(What this task involves) Provide the number of lines below that include "angles", without any other words.

Provided information: Begin

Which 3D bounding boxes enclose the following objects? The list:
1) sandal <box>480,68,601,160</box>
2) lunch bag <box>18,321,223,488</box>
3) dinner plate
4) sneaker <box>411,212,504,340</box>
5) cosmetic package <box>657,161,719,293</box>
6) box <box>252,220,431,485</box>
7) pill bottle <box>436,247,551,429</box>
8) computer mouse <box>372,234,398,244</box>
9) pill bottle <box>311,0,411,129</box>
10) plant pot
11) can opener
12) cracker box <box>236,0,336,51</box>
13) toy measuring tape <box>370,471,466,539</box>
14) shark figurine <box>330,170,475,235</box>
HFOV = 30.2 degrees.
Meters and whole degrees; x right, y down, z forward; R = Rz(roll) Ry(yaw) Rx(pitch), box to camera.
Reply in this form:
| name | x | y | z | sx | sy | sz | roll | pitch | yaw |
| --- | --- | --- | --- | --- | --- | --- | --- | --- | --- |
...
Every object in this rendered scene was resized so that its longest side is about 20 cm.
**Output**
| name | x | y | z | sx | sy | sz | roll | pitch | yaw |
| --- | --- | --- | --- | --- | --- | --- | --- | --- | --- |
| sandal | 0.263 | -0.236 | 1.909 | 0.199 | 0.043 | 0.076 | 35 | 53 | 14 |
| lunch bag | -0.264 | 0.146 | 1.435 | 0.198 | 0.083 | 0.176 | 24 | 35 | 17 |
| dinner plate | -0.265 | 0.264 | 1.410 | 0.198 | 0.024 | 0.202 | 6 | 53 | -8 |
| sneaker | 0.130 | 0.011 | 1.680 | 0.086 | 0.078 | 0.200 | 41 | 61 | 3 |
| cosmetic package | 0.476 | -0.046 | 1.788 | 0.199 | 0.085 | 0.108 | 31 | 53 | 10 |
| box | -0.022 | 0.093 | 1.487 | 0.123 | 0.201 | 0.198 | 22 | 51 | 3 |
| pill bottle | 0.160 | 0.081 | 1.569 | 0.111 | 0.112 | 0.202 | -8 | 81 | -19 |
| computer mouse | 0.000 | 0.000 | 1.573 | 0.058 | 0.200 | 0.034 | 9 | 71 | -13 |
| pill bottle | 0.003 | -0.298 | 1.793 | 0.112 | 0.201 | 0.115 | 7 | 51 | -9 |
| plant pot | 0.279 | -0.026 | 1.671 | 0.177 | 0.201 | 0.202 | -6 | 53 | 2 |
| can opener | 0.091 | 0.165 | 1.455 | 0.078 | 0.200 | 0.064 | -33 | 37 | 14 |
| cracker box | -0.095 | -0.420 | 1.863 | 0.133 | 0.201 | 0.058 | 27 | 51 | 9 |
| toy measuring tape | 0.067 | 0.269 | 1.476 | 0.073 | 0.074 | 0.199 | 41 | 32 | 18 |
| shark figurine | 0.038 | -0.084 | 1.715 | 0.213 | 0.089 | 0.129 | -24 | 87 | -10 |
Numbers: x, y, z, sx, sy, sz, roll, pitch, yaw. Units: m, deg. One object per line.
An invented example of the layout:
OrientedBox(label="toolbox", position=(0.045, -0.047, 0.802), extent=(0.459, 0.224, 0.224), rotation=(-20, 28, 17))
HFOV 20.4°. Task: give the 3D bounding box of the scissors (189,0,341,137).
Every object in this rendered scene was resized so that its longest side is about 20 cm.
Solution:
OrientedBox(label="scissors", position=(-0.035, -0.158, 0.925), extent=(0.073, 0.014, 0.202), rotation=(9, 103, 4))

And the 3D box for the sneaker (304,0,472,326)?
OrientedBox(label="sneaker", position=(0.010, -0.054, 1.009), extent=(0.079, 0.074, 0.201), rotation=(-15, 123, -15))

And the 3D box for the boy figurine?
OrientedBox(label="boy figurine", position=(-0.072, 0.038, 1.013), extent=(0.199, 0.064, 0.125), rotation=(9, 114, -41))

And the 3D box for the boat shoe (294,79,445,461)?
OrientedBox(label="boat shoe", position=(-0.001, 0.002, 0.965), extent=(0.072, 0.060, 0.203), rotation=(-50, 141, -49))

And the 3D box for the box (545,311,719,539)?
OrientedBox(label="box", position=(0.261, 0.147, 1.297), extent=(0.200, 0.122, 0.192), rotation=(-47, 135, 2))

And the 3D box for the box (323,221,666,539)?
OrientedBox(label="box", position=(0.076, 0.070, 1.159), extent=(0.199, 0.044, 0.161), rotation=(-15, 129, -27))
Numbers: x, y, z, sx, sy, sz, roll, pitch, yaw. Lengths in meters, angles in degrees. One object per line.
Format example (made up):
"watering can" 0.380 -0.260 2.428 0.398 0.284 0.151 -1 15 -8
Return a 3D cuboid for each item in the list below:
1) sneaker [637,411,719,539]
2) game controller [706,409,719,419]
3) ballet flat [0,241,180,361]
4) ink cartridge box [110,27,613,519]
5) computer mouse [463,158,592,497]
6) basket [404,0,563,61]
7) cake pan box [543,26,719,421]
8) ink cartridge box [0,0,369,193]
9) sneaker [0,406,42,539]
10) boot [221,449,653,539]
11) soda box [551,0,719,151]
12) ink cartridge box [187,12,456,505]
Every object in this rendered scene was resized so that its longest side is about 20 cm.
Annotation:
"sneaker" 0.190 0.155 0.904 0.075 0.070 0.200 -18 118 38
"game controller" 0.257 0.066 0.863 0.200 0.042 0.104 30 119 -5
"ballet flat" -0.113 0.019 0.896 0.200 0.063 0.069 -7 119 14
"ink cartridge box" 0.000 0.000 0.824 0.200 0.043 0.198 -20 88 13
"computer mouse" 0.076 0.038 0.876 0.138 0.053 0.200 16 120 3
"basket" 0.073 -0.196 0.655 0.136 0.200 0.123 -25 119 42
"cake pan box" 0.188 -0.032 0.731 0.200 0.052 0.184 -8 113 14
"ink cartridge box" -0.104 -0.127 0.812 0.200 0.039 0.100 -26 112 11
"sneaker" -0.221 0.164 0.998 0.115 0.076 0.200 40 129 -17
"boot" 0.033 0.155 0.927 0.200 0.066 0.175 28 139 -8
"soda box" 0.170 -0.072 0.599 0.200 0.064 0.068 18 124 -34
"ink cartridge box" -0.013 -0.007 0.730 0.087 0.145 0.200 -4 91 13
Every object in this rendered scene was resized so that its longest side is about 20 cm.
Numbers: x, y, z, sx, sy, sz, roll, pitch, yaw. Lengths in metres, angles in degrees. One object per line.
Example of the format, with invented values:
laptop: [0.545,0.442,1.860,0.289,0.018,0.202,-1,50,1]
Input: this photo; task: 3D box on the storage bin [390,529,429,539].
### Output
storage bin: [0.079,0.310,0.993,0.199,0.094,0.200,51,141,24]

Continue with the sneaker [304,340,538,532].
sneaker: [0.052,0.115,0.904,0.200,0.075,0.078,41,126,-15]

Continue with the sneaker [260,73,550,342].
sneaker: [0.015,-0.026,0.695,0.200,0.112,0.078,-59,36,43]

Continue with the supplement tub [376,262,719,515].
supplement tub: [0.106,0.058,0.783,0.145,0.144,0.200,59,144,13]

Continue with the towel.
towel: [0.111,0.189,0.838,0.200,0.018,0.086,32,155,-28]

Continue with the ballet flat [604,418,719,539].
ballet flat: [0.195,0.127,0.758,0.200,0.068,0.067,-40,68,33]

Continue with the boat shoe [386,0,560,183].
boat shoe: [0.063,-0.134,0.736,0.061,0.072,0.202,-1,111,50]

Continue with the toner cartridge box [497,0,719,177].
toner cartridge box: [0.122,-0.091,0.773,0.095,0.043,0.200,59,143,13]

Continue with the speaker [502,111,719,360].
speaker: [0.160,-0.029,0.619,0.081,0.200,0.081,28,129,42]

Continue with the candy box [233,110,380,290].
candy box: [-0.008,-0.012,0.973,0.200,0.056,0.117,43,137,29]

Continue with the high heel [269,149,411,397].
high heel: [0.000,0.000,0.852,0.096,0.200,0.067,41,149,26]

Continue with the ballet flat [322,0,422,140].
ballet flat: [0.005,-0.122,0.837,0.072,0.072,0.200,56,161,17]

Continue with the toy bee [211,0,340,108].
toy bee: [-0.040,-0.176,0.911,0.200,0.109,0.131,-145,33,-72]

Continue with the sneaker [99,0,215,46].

Provided information: End

(Task answer) 2